_WHAT IS NEEDED:_
Copy each line below as it stands, but skip any picture it contains.

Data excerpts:
+ + +

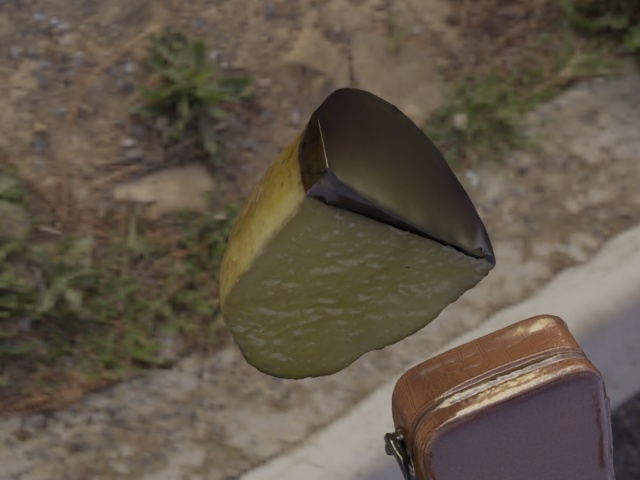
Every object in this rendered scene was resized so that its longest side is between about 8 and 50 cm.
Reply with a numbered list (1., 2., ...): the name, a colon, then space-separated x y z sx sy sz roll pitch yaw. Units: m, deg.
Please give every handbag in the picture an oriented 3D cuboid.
1. handbag: 0.122 0.152 1.153 0.151 0.072 0.193 -17 131 -10

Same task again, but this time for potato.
1. potato: 0.000 0.000 0.674 0.096 0.103 0.066 30 34 -34
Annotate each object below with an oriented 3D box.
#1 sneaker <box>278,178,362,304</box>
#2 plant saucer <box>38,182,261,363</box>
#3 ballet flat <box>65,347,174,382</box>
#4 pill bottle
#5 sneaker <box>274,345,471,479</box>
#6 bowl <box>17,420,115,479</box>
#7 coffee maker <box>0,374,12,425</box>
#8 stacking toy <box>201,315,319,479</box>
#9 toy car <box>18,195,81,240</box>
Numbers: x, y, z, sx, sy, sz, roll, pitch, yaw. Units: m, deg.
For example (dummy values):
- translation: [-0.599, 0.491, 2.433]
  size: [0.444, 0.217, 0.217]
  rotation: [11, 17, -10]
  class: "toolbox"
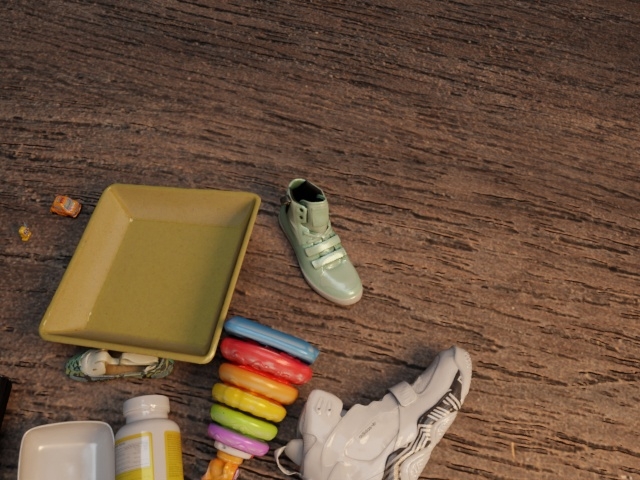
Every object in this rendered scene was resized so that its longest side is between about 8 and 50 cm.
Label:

+ + +

_RESPONSE BELOW:_
Every object in this rendered scene was resized so that its longest side is between about 8 and 50 cm.
Reply with a numbered list (1., 2., ...): the name, a colon, then space-separated x y z sx sy sz roll pitch yaw. Units: m, deg.
Please give every handbag in the picture an oriented 3D cuboid.
1. handbag: 0.122 0.152 1.153 0.151 0.072 0.193 -17 131 -10

Same task again, but this time for potato.
1. potato: 0.000 0.000 0.674 0.096 0.103 0.066 30 34 -34
Annotate each object below with an oriented 3D box.
#1 sneaker <box>278,178,362,304</box>
#2 plant saucer <box>38,182,261,363</box>
#3 ballet flat <box>65,347,174,382</box>
#4 pill bottle
#5 sneaker <box>274,345,471,479</box>
#6 bowl <box>17,420,115,479</box>
#7 coffee maker <box>0,374,12,425</box>
#8 stacking toy <box>201,315,319,479</box>
#9 toy car <box>18,195,81,240</box>
Numbers: x, y, z, sx, sy, sz, roll, pitch, yaw. Units: m, deg.
For example (dummy values):
- translation: [-0.599, 0.491, 2.433]
  size: [0.444, 0.217, 0.217]
  rotation: [11, 17, -10]
  class: "toolbox"
Every object in this rendered scene was resized so that its longest side is between about 8 and 50 cm.
Label:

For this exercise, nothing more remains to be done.